The reality of starting a F&B business

Updated: Feb 16, 2020

Each year in Singapore, a conservative average of 600 plus new F&B businesses begin and almost the same number of shutdowns.


How is this happening and these new businesses, can they become less likely to be the next shut down?


Licensed Food Establishments - Food Shops in Singapore


Most of us regard F&B business is a quick way to make money as you pay your meal just when you got your food. So it is cash business and no outstanding debt compared to other business. 

Or you are a food lover who just enthusiastic about food, or maybe you and a few friends have some fresh ideas, have money, so let's make it happen. You hire the right people, open a store and you are there, a new restaurant of your own! 


Honestly, that is the best way to fail.


Let's rewind a few steps and have a look at your preparation before opening the shop. And let's have a reality check as below,


  • Have you tested the viability of your idea or concept?

  • Have you calculated the CAPEX and OPEX?

  • How long can you sustain with your investment/cash flow?

  • What are the menu and the supply of the ingredients


The list goes on. 


But most of the F&B startup may skip the step to test the viability of their ideas or concept; instead, their projection is base on success stories or gossip of the "successful people" or to attract investors without the understanding the failing risk.


Throughout my career in F&B, I have seen the majority of investments or proposal that has seriously undermined the pitfall of unforeseen circumstances that could happen and perturb the initial financial planning to sustain for at lease the leasing period agree with the landlord.
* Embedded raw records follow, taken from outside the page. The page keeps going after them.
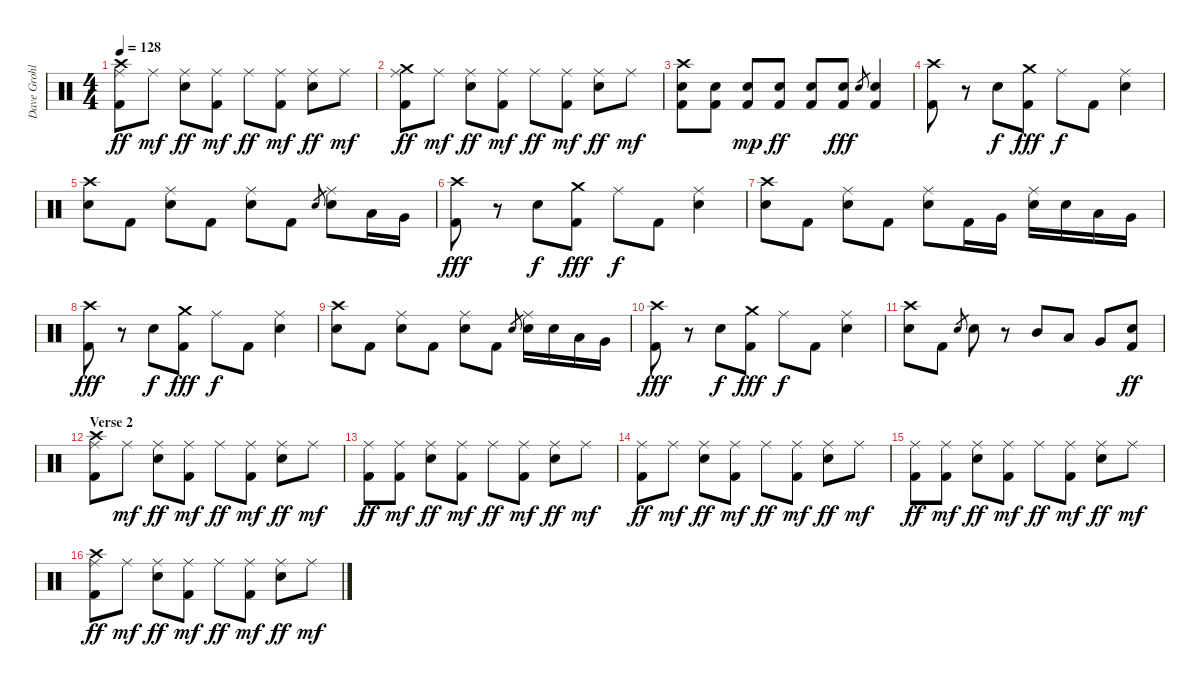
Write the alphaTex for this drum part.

\track ("Dave Grohl" "Dave Grohl") {instrument percussion}
\staff {score}
\articulation defaults
\ts (4 4)
\tempo 128
\clef neutral
\ks c
("Crash high (hit)" "Ride (middle)" "Kick (hit) 2").8{dy ff} "Ride (middle)".8{dy mf} ("Ride (middle)" "Snare (hit) 2").8{dy ff} ("Ride (middle)" "Kick (hit) 2").8{dy mf} "Ride (middle)".8{dy ff} ("Ride (middle)" "Kick (hit) 2").8{dy mf} ("Ride (middle)" "Snare (hit) 2").8{dy ff} "Ride (middle)".8{dy mf} |
("Crash medium (hit)" "Ride (middle)" "Kick (hit) 2").8{dy ff} "Ride (middle)".8{dy mf} ("Ride (middle)" "Snare (hit) 2").8{dy ff} ("Ride (middle)" "Kick (hit) 2").8{dy mf} "Ride (middle)".8{dy ff} ("Ride (middle)" "Kick (hit) 2").8{dy mf} ("Ride (middle)" "Snare (hit) 2").8{dy ff} "Ride (middle)".8{dy mf} |
("Crash high (hit)" "Snare (hit) 2" "Kick (hit) 2").8 ("Snare (hit) 2" "Kick (hit) 2").8 ("Snare (hit) 2" "Kick (hit) 2").8{dy mp} ("Snare (hit) 2" "Kick (hit) 2").8{dy ff} ("Snare (hit) 2" "Kick (hit) 2").8 ("Snare (hit) 2" "Kick (hit) 2").8{dy fff} "Snare (hit) 2".8{gr} ("Snare (hit) 2" "Kick (hit) 2").4 |
("Crash high (hit)" "Kick (hit) 2").8 r.8 "Snare (hit) 2".8{dy f} ("Crash medium (hit)" "Kick (hit) 2").8{dy fff} "Ride (middle)".8{dy f} "Kick (hit) 2".8 ("Ride (middle)" "Snare (hit) 2").4 |
("Crash high (hit)" "Snare (hit) 2").8 "Kick (hit) 2".8 ("Ride (middle)" "Snare (hit) 2").8 "Kick (hit) 2".8 ("Ride (middle)" "Snare (hit) 2").8 "Kick (hit) 2".8 "Snare (hit) 2".8{gr} ("Ride (middle)" "Snare (hit) 2").8 "Low Tom (hit)".16 "Very Low Tom (hit)".16 |
("Crash high (hit)" "Kick (hit) 2").8{dy fff} r.8 "Snare (hit) 2".8{dy f} ("Crash medium (hit)" "Kick (hit) 2").8{dy fff} "Ride (middle)".8{dy f} "Kick (hit) 2".8 ("Ride (middle)" "Snare (hit) 2").4 |
("Crash high (hit)" "Snare (hit) 2").8 "Kick (hit) 2".8 ("Ride (middle)" "Snare (hit) 2").8 "Kick (hit) 2".8 ("Ride (middle)" "Snare (hit) 2").8 "Kick (hit) 2".16 "Very Low Tom (hit)".16 ("Ride (middle)" "Snare (hit) 2").16 "Snare (hit) 2".16 "Low Tom (hit)".16 "Very Low Tom (hit)".16 |
("Crash high (hit)" "Kick (hit) 2").8{dy fff} r.8 "Snare (hit) 2".8{dy f} ("Crash medium (hit)" "Kick (hit) 2").8{dy fff} "Ride (middle)".8{dy f} "Kick (hit) 2".8 ("Ride (middle)" "Snare (hit) 2").4 |
("Crash high (hit)" "Snare (hit) 2").8 "Kick (hit) 2".8 ("Ride (middle)" "Snare (hit) 2").8 "Kick (hit) 2".8 ("Ride (middle)" "Snare (hit) 2").8 "Kick (hit) 2".8 "Snare (hit) 2".8{gr} ("Ride (middle)" "Snare (hit) 2").16 "Snare (hit) 2".16 "Low Tom (hit)".16 "Very Low Tom (hit)".16 |
("Crash high (hit)" "Kick (hit) 2").8{dy fff} r.8 "Snare (hit) 2".8{dy f} ("Crash medium (hit)" "Kick (hit) 2").8{dy fff} "Ride (middle)".8{dy f} "Kick (hit) 2".8 ("Ride (middle)" "Snare (hit) 2").4 |
("Crash high (hit)" "Snare (hit) 2").8 "Kick (hit) 2".8 "Snare (hit) 2".8{gr} "Snare (hit) 2".8 r.8 "Mid Tom (hit)".8 "Low Tom (hit)".8 "Very Low Tom (hit)".8 ("Snare (hit) 2" "Kick (hit) 2").8{dy ff} |
\section ("" "Verse 2")
("Crash high (hit)" "Ride (middle)" "Kick (hit) 2").8 "Ride (middle)".8{dy mf} ("Ride (middle)" "Snare (hit) 2").8{dy ff} ("Ride (middle)" "Kick (hit) 2").8{dy mf} "Ride (middle)".8{dy ff} ("Ride (middle)" "Kick (hit) 2").8{dy mf} ("Ride (middle)" "Snare (hit) 2").8{dy ff} "Ride (middle)".8{dy mf} |
("Ride (middle)" "Kick (hit) 2").8{dy ff} ("Ride (middle)" "Kick (hit) 2").8{dy mf} ("Ride (middle)" "Snare (hit) 2").8{dy ff} ("Ride (middle)" "Kick (hit) 2").8{dy mf} "Ride (middle)".8{dy ff} ("Ride (middle)" "Kick (hit) 2").8{dy mf} ("Ride (middle)" "Snare (hit) 2").8{dy ff} "Ride (middle)".8{dy mf} |
("Ride (middle)" "Kick (hit) 2").8{dy ff} "Ride (middle)".8{dy mf} ("Ride (middle)" "Snare (hit) 2").8{dy ff} ("Ride (middle)" "Kick (hit) 2").8{dy mf} "Ride (middle)".8{dy ff} ("Ride (middle)" "Kick (hit) 2").8{dy mf} ("Ride (middle)" "Snare (hit) 2").8{dy ff} "Ride (middle)".8{dy mf} |
("Ride (middle)" "Kick (hit) 2").8{dy ff} ("Ride (middle)" "Kick (hit) 2").8{dy mf} ("Ride (middle)" "Snare (hit) 2").8{dy ff} ("Ride (middle)" "Kick (hit) 2").8{dy mf} "Ride (middle)".8{dy ff} ("Ride (middle)" "Kick (hit) 2").8{dy mf} ("Ride (middle)" "Snare (hit) 2").8{dy ff} "Ride (middle)".8{dy mf} |
("Crash high (hit)" "Ride (middle)" "Kick (hit) 2").8{dy ff} "Ride (middle)".8{dy mf} ("Ride (middle)" "Snare (hit) 2").8{dy ff} ("Ride (middle)" "Kick (hit) 2").8{dy mf} "Ride (middle)".8{dy ff} ("Ride (middle)" "Kick (hit) 2").8{dy mf} ("Ride (middle)" "Snare (hit) 2").8{dy ff} "Ride (middle)".8{dy mf}

I can name a few such as change of passed by footfall traffics, change of taste due to media or news, staffing issue, hygiene issue, inadequate or no IT systems such as Point of sale to record sales.


It is unrealistic to rely on sales revenue to bankroll your monthly cost, especially in the first year when the restaurant is new. Your restaurant manager is trying to build a rapport with customers and suppliers, streamline the restaurant workflow and train up the staff. You will need a lot more resources than you planned, and when the money ran out, everything will fall apart, just like Murphy's Law.


The f&b business falling apart.

In the F&B Business, the rule of thumb for one store to be profitable, its idea to have the following cost percentages to have a decent profit. 


Rental + Labour + Cost of Goods Sold + Fix Cost + Variable Cost = 90%

Profit = 10%


So you might ask.


"That much money is going out, but only that little profit?" 


Yeah exactly sales revenue is not profit, and it's a cash collection business, not a cash churning business.


Real planning is essential not to lose money and shut down on your first business model, followed by opening the umbrella through expansion. That is where the profit lies.


So now begs the question: Is the concept structure and targeted location viable to achieve the above?


If you don't have that answer, it is time to reconsider your planning before too late and risk all your hard-earned money evaporate back into the economy.


Good Luck and reach out!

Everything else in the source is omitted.